## WHAT NEEDS TO BE DONE
Within the records below is a range that opens at the line with "edge.add_arc((1753.78, 245.39), 6, 363.0463, 450)" and closes at the line with "edge.add_line((1574.32, 246.19), (1570.26, 202.97))". Return that range word for word, both ends included, and only that range.

**** DATASET EXTRACT ****

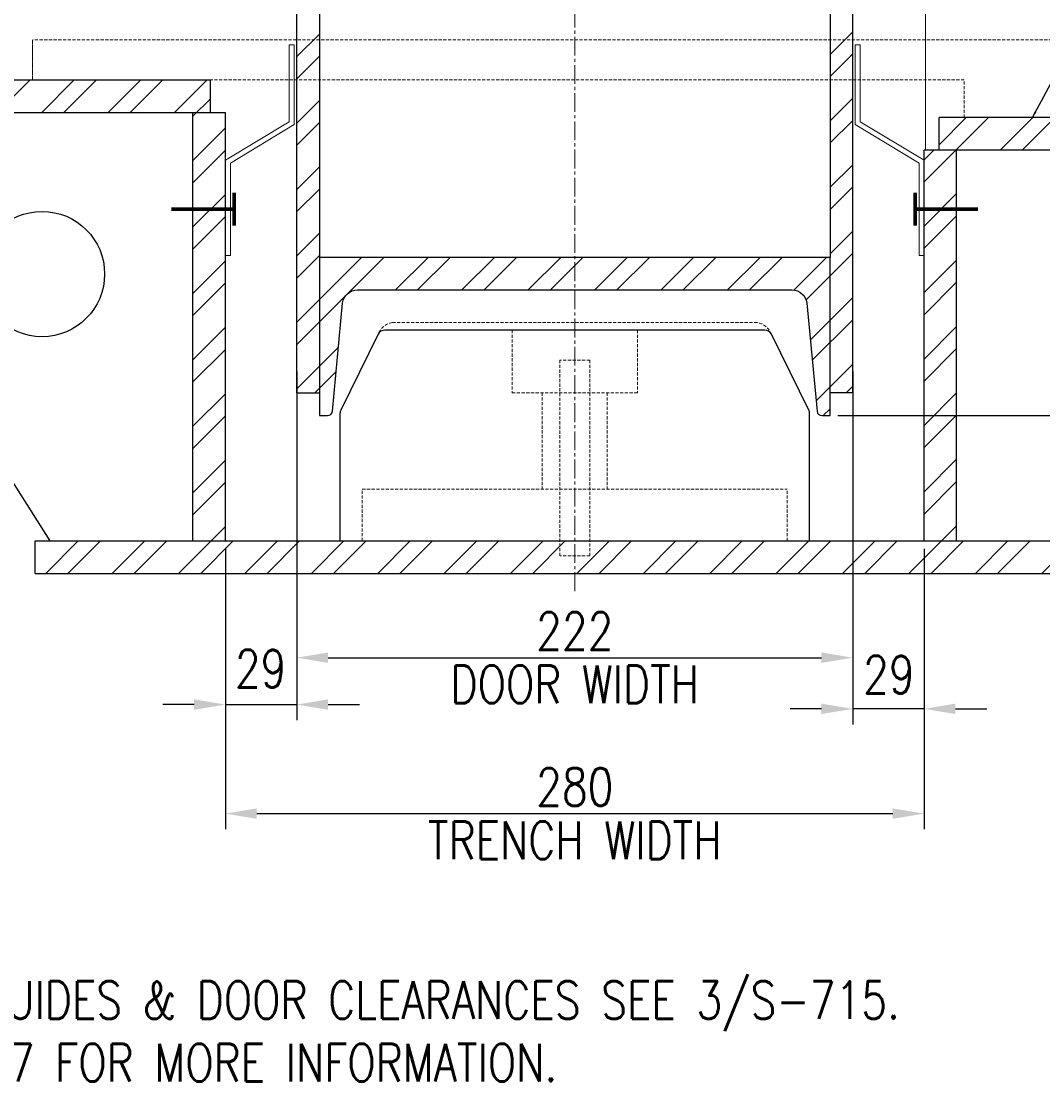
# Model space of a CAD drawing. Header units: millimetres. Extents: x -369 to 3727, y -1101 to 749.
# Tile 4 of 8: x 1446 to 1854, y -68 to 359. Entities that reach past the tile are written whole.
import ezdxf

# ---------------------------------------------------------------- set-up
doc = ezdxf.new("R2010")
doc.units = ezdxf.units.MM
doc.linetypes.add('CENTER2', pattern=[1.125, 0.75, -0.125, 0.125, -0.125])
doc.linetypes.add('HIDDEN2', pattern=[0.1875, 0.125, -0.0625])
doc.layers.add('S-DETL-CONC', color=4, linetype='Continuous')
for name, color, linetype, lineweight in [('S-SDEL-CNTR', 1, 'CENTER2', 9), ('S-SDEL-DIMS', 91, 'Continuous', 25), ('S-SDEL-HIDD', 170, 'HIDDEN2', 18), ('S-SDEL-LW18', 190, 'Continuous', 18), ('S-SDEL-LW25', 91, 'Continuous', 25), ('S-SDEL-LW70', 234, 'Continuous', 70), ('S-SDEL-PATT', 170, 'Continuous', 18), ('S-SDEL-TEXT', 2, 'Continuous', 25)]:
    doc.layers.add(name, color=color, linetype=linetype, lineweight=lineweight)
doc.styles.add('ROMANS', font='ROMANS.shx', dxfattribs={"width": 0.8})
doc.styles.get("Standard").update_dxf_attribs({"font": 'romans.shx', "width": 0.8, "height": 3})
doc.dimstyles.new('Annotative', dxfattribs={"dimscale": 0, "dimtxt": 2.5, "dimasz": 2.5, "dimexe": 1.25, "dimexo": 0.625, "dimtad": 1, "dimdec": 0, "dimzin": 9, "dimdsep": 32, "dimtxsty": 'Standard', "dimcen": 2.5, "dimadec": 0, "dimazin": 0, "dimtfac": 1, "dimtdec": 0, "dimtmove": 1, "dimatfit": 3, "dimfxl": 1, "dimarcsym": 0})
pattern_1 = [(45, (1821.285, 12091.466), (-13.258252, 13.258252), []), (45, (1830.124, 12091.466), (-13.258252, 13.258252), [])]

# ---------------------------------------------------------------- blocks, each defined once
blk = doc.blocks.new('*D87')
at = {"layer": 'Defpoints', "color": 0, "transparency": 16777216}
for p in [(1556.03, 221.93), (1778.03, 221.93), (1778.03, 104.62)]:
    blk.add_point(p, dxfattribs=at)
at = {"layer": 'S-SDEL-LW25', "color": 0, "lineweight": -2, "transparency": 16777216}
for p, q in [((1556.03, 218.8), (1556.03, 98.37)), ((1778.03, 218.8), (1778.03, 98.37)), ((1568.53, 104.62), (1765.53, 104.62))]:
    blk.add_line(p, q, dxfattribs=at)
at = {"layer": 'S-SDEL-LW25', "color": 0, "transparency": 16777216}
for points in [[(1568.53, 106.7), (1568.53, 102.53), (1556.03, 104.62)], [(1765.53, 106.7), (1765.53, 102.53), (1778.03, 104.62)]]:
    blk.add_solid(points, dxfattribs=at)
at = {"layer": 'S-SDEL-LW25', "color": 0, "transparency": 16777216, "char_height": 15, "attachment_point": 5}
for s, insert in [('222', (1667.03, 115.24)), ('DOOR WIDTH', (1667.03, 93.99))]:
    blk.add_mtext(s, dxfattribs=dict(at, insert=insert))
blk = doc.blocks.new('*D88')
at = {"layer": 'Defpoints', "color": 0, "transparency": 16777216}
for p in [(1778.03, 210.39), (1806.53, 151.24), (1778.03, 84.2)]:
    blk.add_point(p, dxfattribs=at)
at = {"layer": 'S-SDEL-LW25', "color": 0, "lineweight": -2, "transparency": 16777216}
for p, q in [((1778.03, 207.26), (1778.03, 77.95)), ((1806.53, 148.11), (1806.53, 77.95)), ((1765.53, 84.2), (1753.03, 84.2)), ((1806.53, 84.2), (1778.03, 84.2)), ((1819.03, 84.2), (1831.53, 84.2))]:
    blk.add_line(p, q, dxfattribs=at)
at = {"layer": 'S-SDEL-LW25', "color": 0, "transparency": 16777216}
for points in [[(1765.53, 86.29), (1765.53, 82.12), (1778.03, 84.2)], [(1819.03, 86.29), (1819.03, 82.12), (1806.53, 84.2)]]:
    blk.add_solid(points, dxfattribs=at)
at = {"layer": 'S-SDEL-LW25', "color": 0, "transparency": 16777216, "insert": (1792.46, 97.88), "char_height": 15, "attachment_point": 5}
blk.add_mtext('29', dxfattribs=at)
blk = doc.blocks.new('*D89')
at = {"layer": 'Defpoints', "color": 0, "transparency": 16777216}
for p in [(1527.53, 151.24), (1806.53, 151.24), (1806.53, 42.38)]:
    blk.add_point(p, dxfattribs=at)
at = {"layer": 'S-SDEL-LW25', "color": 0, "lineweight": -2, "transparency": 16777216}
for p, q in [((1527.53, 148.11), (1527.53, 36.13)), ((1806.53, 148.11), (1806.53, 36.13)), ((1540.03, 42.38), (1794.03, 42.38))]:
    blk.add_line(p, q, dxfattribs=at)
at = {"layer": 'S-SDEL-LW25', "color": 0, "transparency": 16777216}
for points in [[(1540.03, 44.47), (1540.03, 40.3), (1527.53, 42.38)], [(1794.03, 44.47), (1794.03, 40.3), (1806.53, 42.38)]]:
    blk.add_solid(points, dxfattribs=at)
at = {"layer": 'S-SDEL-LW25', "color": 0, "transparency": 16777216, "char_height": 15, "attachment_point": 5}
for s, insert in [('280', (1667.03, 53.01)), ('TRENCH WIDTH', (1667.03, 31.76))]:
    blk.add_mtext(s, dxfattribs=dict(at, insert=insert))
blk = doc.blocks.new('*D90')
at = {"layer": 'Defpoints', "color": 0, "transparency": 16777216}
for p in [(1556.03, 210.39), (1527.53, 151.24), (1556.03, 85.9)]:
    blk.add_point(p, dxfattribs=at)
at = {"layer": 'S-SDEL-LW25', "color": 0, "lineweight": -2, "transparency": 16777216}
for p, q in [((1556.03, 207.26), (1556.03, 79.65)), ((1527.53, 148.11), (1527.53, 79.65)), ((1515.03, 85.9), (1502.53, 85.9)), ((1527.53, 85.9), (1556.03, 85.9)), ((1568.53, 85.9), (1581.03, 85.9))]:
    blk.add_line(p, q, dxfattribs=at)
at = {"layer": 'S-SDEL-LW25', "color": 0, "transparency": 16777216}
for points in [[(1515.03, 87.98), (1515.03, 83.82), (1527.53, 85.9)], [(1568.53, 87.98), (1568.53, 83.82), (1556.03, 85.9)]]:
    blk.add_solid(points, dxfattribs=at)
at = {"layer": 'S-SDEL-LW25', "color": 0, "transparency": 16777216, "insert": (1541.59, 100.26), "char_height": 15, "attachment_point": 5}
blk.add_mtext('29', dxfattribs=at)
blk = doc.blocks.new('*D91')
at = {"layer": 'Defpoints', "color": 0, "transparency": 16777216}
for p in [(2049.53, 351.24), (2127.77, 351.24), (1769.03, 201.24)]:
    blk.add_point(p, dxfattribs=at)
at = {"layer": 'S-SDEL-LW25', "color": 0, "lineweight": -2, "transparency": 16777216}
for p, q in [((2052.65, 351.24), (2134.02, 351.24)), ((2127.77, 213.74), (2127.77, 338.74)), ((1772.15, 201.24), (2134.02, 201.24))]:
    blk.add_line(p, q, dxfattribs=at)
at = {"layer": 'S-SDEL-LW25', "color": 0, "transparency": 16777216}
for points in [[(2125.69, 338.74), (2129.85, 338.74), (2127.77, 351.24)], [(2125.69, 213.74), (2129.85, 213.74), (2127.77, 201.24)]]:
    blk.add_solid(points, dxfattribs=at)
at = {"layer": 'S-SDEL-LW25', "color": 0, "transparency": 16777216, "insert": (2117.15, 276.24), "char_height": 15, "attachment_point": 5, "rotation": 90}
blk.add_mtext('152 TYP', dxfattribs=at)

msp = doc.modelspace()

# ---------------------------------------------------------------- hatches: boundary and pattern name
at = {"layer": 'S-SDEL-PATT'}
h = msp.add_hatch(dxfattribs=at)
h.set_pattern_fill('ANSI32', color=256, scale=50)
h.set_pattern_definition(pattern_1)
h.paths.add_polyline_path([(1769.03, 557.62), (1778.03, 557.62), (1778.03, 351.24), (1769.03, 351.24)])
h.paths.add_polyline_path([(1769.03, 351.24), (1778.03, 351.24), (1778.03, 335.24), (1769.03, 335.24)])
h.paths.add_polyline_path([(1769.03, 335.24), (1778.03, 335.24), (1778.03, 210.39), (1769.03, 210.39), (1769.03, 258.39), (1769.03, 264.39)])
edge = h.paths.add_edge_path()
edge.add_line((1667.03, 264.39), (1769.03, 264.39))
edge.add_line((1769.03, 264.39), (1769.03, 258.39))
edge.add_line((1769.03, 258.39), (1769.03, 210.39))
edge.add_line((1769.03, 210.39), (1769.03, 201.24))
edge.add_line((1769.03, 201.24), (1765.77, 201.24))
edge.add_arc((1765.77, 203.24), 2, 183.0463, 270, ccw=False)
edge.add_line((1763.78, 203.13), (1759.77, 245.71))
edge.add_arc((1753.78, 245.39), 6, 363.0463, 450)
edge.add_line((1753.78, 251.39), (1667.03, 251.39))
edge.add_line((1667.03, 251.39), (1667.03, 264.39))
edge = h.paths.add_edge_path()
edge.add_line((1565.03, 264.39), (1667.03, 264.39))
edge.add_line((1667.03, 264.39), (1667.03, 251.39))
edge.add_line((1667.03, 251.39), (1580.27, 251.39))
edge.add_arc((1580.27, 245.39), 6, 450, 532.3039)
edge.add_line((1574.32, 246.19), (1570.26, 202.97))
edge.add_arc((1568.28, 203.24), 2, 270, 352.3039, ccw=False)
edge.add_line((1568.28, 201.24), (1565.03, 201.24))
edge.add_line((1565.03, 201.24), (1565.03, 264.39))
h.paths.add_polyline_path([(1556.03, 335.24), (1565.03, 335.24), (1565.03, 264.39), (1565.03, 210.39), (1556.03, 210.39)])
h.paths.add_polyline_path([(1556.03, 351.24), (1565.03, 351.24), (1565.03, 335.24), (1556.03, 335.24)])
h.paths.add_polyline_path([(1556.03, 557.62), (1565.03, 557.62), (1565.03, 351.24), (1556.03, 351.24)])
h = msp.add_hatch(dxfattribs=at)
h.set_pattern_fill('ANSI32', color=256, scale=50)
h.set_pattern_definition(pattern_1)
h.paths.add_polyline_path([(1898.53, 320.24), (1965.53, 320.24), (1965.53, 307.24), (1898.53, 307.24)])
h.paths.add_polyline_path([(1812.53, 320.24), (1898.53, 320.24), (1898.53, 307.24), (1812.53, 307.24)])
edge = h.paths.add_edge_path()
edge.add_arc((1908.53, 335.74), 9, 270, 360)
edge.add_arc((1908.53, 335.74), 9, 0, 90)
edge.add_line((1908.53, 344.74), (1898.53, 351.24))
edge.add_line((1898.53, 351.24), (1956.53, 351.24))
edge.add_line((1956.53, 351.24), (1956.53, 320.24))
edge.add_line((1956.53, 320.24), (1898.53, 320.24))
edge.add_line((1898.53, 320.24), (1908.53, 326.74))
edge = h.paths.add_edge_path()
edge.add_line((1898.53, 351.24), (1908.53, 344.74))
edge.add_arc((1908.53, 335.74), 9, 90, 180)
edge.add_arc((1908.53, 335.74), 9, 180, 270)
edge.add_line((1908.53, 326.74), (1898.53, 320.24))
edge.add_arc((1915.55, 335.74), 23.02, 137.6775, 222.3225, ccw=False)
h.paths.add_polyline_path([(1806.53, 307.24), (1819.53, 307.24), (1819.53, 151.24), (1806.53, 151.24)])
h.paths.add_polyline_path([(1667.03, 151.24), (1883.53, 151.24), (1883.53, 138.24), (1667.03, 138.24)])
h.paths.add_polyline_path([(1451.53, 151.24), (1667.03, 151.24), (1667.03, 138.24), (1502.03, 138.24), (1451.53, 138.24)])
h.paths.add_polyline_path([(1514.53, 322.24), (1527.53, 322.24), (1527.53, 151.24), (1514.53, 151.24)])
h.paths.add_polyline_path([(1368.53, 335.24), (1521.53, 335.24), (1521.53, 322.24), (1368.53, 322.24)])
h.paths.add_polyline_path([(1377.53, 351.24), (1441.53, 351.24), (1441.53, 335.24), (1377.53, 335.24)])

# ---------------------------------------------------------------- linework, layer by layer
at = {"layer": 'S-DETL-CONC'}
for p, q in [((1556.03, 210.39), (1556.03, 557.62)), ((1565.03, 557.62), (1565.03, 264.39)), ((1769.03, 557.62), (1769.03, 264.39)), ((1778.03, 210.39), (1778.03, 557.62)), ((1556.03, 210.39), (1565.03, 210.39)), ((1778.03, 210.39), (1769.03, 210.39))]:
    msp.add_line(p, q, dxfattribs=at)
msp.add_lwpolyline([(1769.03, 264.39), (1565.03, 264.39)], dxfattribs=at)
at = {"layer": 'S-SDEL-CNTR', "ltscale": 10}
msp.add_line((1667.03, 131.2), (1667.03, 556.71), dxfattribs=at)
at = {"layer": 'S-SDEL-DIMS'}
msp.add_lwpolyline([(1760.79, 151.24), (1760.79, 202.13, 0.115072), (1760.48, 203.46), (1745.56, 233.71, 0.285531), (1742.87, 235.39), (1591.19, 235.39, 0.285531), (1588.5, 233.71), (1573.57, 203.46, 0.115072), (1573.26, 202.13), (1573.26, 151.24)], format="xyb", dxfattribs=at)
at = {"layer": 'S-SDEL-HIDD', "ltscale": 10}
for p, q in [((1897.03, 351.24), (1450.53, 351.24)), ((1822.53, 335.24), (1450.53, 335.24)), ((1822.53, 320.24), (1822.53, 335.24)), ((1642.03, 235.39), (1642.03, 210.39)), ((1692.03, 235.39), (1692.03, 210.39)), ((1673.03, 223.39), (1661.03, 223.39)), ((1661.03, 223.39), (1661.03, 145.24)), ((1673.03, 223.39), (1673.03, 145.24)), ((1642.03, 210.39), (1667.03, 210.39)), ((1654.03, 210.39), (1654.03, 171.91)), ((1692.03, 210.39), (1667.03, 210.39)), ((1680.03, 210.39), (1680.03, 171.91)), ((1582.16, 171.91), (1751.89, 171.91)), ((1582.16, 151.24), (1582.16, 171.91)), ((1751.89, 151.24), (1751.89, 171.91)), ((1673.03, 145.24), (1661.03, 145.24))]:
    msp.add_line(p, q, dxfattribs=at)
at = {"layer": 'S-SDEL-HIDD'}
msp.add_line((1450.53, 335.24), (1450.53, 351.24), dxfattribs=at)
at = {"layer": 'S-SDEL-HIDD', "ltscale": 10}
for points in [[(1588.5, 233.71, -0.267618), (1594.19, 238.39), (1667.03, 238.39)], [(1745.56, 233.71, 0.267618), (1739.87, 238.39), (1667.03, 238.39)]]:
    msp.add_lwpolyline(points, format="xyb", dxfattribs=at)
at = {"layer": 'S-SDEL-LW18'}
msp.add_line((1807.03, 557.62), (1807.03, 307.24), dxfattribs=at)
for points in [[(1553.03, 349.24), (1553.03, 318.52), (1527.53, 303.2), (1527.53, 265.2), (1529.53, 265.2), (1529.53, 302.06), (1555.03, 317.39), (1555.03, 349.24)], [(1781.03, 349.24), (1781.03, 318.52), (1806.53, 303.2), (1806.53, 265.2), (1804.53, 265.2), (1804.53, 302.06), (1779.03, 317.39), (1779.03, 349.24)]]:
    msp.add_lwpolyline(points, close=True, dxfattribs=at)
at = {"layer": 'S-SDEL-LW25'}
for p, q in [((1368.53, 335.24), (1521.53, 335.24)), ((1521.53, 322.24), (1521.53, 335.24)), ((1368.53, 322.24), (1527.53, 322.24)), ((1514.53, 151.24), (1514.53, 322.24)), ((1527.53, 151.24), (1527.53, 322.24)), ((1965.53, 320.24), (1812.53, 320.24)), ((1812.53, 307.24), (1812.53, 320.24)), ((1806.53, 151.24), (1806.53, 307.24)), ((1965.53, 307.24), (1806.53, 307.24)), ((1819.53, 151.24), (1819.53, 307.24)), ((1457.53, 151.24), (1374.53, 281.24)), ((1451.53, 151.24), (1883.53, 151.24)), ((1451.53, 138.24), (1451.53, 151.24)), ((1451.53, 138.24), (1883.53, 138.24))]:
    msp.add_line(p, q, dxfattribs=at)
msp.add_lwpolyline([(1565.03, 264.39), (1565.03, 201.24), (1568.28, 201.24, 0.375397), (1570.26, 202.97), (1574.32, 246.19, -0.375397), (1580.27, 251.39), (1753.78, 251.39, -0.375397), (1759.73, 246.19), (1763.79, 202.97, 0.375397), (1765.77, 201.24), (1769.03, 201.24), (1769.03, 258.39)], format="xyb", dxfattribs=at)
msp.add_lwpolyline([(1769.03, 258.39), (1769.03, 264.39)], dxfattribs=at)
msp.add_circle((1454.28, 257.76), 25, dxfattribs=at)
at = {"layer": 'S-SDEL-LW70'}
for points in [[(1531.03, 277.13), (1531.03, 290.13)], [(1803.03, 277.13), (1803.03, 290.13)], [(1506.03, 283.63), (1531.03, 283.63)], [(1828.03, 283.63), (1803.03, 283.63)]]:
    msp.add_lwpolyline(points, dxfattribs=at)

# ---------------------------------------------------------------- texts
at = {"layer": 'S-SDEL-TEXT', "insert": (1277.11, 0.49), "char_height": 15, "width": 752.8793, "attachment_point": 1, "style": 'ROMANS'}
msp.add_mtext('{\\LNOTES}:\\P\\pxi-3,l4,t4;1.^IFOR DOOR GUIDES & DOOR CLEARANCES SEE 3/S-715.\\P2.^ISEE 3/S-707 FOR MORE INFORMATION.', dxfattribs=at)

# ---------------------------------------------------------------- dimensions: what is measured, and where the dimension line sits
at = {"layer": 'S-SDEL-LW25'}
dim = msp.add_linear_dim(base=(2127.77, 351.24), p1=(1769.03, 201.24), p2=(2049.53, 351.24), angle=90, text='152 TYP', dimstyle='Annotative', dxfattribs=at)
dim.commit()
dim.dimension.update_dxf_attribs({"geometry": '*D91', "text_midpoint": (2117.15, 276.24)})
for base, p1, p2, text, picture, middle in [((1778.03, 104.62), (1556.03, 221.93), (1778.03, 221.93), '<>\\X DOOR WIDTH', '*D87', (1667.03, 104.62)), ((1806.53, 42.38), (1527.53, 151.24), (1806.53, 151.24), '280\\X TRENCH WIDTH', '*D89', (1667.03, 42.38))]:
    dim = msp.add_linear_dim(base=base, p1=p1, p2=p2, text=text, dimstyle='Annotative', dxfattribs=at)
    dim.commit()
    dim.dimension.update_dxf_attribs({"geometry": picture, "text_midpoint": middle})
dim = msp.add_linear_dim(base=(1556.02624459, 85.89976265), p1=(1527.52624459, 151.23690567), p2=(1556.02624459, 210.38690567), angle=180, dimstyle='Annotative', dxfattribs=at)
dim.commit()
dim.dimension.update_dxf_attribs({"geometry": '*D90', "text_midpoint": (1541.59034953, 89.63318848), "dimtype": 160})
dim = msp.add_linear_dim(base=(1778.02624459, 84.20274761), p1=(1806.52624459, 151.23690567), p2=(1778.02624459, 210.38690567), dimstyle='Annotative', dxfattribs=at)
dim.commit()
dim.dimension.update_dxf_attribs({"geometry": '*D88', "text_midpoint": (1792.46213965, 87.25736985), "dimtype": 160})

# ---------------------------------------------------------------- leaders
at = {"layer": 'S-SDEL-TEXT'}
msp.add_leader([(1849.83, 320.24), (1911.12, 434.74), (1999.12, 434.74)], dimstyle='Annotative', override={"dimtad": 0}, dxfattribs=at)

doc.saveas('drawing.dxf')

****

## RESPONSE BELOW
edge.add_arc((1753.78, 245.39), 6, 363.0463, 450)
edge.add_line((1753.78, 251.39), (1667.03, 251.39))
edge.add_line((1667.03, 251.39), (1667.03, 264.39))
edge = h.paths.add_edge_path()
edge.add_line((1565.03, 264.39), (1667.03, 264.39))
edge.add_line((1667.03, 264.39), (1667.03, 251.39))
edge.add_line((1667.03, 251.39), (1580.27, 251.39))
edge.add_arc((1580.27, 245.39), 6, 450, 532.3039)
edge.add_line((1574.32, 246.19), (1570.26, 202.97))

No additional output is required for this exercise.